EXERCISE REQUIREMENTS:
Please transcribe the following records in full, exactly as given.

(Items listed in a dataset)
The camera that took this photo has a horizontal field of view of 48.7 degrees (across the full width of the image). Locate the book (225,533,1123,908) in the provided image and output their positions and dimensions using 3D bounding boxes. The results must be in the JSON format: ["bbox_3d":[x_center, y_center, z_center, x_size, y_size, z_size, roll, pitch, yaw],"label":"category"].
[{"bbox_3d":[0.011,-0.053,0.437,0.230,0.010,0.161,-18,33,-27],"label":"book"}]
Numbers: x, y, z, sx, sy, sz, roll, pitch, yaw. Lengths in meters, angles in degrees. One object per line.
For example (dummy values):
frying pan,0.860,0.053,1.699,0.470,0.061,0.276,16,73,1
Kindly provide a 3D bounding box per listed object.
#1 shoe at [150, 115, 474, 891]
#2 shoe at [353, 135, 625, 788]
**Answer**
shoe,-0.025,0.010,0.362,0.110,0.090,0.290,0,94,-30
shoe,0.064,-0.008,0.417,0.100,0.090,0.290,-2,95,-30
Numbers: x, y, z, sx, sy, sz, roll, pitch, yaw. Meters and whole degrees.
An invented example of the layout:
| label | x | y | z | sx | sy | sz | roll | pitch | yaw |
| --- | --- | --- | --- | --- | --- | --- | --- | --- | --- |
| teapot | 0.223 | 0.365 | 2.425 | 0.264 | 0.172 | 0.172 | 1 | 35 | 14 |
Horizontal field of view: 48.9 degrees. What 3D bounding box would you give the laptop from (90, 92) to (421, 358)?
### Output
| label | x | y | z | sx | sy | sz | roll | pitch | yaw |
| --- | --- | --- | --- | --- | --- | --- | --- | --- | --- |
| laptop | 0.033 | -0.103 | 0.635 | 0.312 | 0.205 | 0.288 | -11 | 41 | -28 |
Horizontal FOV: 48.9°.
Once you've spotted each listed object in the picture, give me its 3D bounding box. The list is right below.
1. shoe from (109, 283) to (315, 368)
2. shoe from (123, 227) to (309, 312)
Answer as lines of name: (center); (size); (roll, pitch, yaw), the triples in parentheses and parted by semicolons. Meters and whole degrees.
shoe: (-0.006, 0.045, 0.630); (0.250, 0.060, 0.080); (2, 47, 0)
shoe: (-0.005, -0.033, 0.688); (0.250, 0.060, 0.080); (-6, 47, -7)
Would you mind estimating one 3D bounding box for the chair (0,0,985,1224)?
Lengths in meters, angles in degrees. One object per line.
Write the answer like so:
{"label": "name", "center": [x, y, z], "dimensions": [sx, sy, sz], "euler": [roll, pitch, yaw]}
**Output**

SOLUTION:
The camera that took this photo has a horizontal field of view of 48.7 degrees (across the full width of the image). Locate the book (225,533,1123,908) in the provided image and output their positions and dimensions using 3D bounding boxes. The results must be in the JSON format: ["bbox_3d":[x_center, y_center, z_center, x_size, y_size, z_size, roll, pitch, yaw],"label":"category"].
[{"bbox_3d":[0.011,-0.053,0.437,0.230,0.010,0.161,-18,33,-27],"label":"book"}]
Numbers: x, y, z, sx, sy, sz, roll, pitch, yaw. Lengths in meters, angles in degrees. One object per line.
For example (dummy values):
frying pan,0.860,0.053,1.699,0.470,0.061,0.276,16,73,1
Kindly provide a 3D bounding box per listed object.
#1 shoe at [150, 115, 474, 891]
#2 shoe at [353, 135, 625, 788]
**Answer**
shoe,-0.025,0.010,0.362,0.110,0.090,0.290,0,94,-30
shoe,0.064,-0.008,0.417,0.100,0.090,0.290,-2,95,-30
Numbers: x, y, z, sx, sy, sz, roll, pitch, yaw. Meters and whole degrees.
An invented example of the layout:
| label | x | y | z | sx | sy | sz | roll | pitch | yaw |
| --- | --- | --- | --- | --- | --- | --- | --- | --- | --- |
| teapot | 0.223 | 0.365 | 2.425 | 0.264 | 0.172 | 0.172 | 1 | 35 | 14 |
Horizontal field of view: 48.9 degrees. What 3D bounding box would you give the laptop from (90, 92) to (421, 358)?
### Output
| label | x | y | z | sx | sy | sz | roll | pitch | yaw |
| --- | --- | --- | --- | --- | --- | --- | --- | --- | --- |
| laptop | 0.033 | -0.103 | 0.635 | 0.312 | 0.205 | 0.288 | -11 | 41 | -28 |
Horizontal FOV: 48.9°.
Once you've spotted each listed object in the picture, give me its 3D bounding box. The list is right below.
1. shoe from (109, 283) to (315, 368)
2. shoe from (123, 227) to (309, 312)
Answer as lines of name: (center); (size); (roll, pitch, yaw), the triples in parentheses and parted by semicolons. Meters and whole degrees.
shoe: (-0.006, 0.045, 0.630); (0.250, 0.060, 0.080); (2, 47, 0)
shoe: (-0.005, -0.033, 0.688); (0.250, 0.060, 0.080); (-6, 47, -7)
Would you mind estimating one 3D bounding box for the chair (0,0,985,1224)?
Lengths in meters, angles in degrees. One object per line.
Write the answer like so:
{"label": "name", "center": [x, y, z], "dimensions": [sx, sy, sz], "euler": [roll, pitch, yaw]}
**Output**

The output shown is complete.